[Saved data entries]
/---

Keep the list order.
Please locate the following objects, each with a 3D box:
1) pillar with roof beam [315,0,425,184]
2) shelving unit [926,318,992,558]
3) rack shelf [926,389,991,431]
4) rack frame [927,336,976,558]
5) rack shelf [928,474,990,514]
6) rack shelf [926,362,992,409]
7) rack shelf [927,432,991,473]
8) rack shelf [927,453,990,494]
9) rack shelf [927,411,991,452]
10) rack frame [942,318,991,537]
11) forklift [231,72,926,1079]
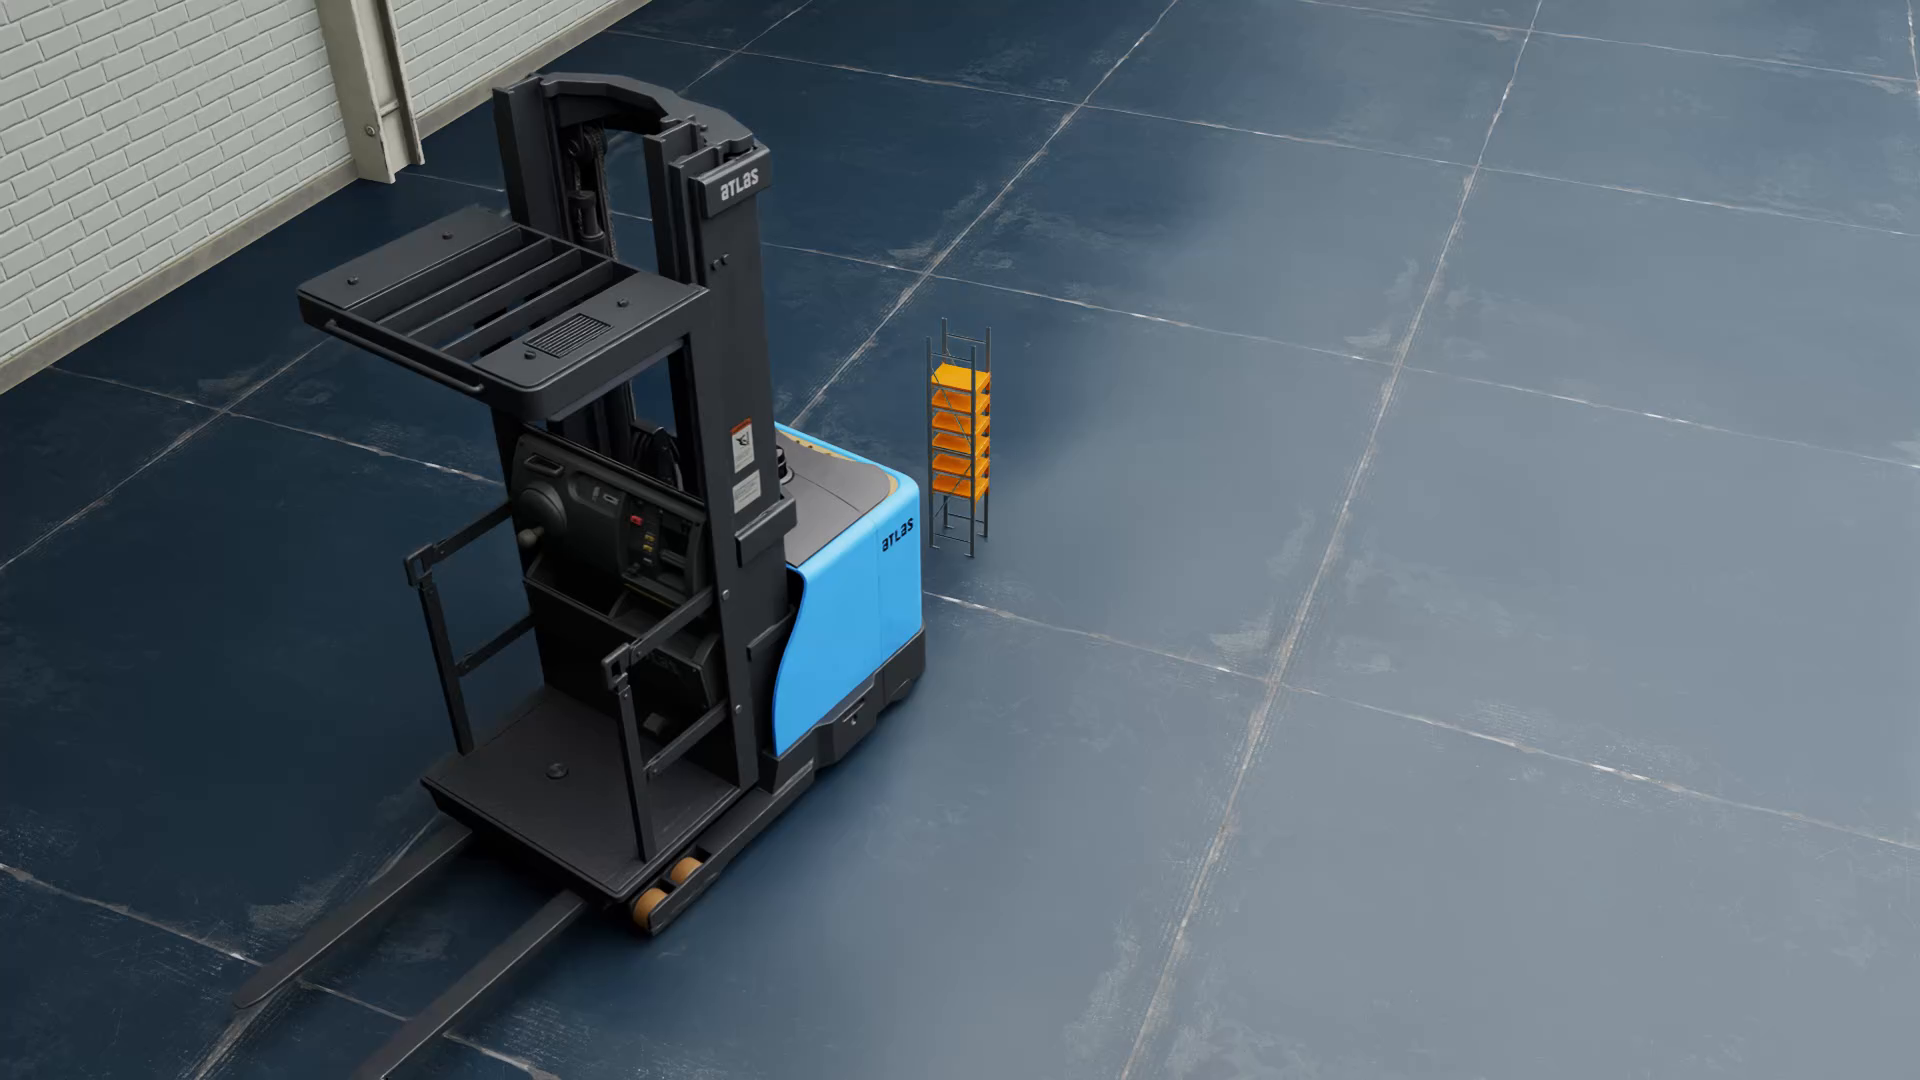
[{"bbox_3d":[-0.093,-5.276,7.894,9.100,9.000,0.400,14,39,18],"label":"pillar with roof beam"},{"bbox_3d":[-0.005,-0.473,7.982,0.258,1.200,0.189,14,39,18],"label":"shelving unit"},{"bbox_3d":[-0.005,-0.629,7.865,0.258,0.103,0.180,14,39,18],"label":"rack shelf"},{"bbox_3d":[-0.040,-0.422,7.914,0.240,1.200,0.006,14,39,18],"label":"rack frame"},{"bbox_3d":[-0.006,-0.245,8.152,0.258,0.103,0.180,14,39,18],"label":"rack shelf"},{"bbox_3d":[-0.005,-0.725,7.793,0.258,0.103,0.180,14,39,18],"label":"rack shelf"},{"bbox_3d":[-0.005,-0.437,8.008,0.258,0.103,0.180,14,39,18],"label":"rack shelf"},{"bbox_3d":[-0.006,-0.341,8.080,0.258,0.103,0.180,14,39,18],"label":"rack shelf"},{"bbox_3d":[-0.005,-0.533,7.936,0.258,0.103,0.180,14,39,18],"label":"rack shelf"},{"bbox_3d":[0.029,-0.523,8.049,0.240,1.200,0.006,14,39,18],"label":"rack frame"},{"bbox_3d":[-1.411,-0.007,5.913,1.130,2.935,3.031,23,42,27],"label":"forklift"}]

\---

# What you will do
The expected output is an exact retyping of the lines from the line with "5) rack shelf [928,474,990,514]" through the last line of the data, with both ends kept and the pictures dropped.

# Solved problem
5) rack shelf [928,474,990,514]
6) rack shelf [926,362,992,409]
7) rack shelf [927,432,991,473]
8) rack shelf [927,453,990,494]
9) rack shelf [927,411,991,452]
10) rack frame [942,318,991,537]
11) forklift [231,72,926,1079]
[{"bbox_3d":[-0.093,-5.276,7.894,9.100,9.000,0.400,14,39,18],"label":"pillar with roof beam"},{"bbox_3d":[-0.005,-0.473,7.982,0.258,1.200,0.189,14,39,18],"label":"shelving unit"},{"bbox_3d":[-0.005,-0.629,7.865,0.258,0.103,0.180,14,39,18],"label":"rack shelf"},{"bbox_3d":[-0.040,-0.422,7.914,0.240,1.200,0.006,14,39,18],"label":"rack frame"},{"bbox_3d":[-0.006,-0.245,8.152,0.258,0.103,0.180,14,39,18],"label":"rack shelf"},{"bbox_3d":[-0.005,-0.725,7.793,0.258,0.103,0.180,14,39,18],"label":"rack shelf"},{"bbox_3d":[-0.005,-0.437,8.008,0.258,0.103,0.180,14,39,18],"label":"rack shelf"},{"bbox_3d":[-0.006,-0.341,8.080,0.258,0.103,0.180,14,39,18],"label":"rack shelf"},{"bbox_3d":[-0.005,-0.533,7.936,0.258,0.103,0.180,14,39,18],"label":"rack shelf"},{"bbox_3d":[0.029,-0.523,8.049,0.240,1.200,0.006,14,39,18],"label":"rack frame"},{"bbox_3d":[-1.411,-0.007,5.913,1.130,2.935,3.031,23,42,27],"label":"forklift"}]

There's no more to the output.